WORK INSTRUCTIONS: Restate word for word every line from the one containing "Asked: Which target" to the last line of the records below.

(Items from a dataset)

§ §

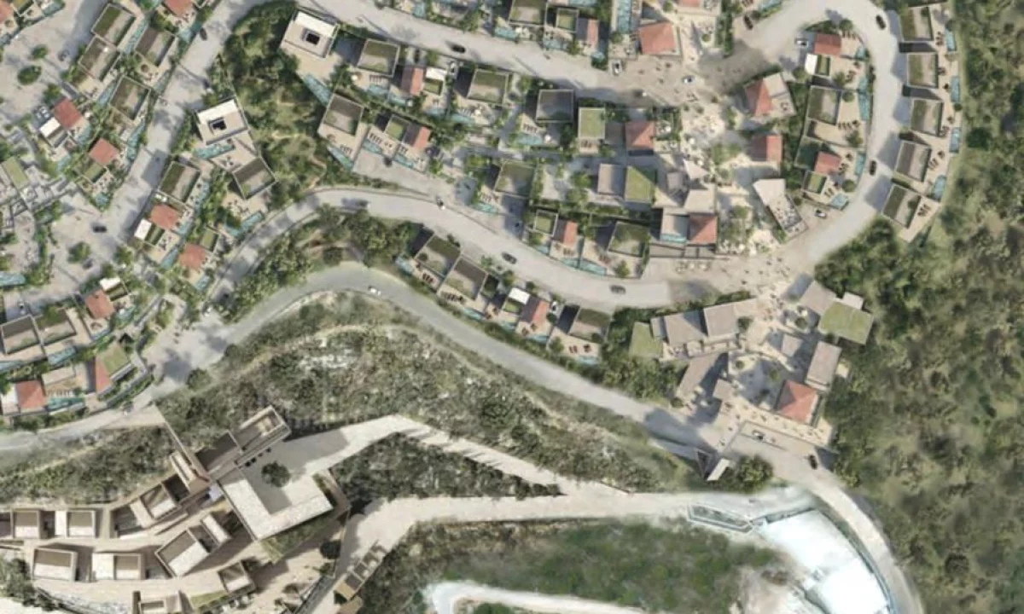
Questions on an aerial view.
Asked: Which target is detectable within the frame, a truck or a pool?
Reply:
pool
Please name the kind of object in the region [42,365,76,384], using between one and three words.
building
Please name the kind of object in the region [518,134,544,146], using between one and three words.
swimming pool
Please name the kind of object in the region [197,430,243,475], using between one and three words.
house
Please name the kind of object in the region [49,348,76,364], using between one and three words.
swimming pool

§ §

ANSWER SPACE:
Asked: Which target is detectable within the frame, a truck or a pool?
Reply:
pool
Please name the kind of object in the region [42,365,76,384], using between one and three words.
building
Please name the kind of object in the region [518,134,544,146], using between one and three words.
swimming pool
Please name the kind of object in the region [197,430,243,475], using between one and three words.
house
Please name the kind of object in the region [49,348,76,364], using between one and three words.
swimming pool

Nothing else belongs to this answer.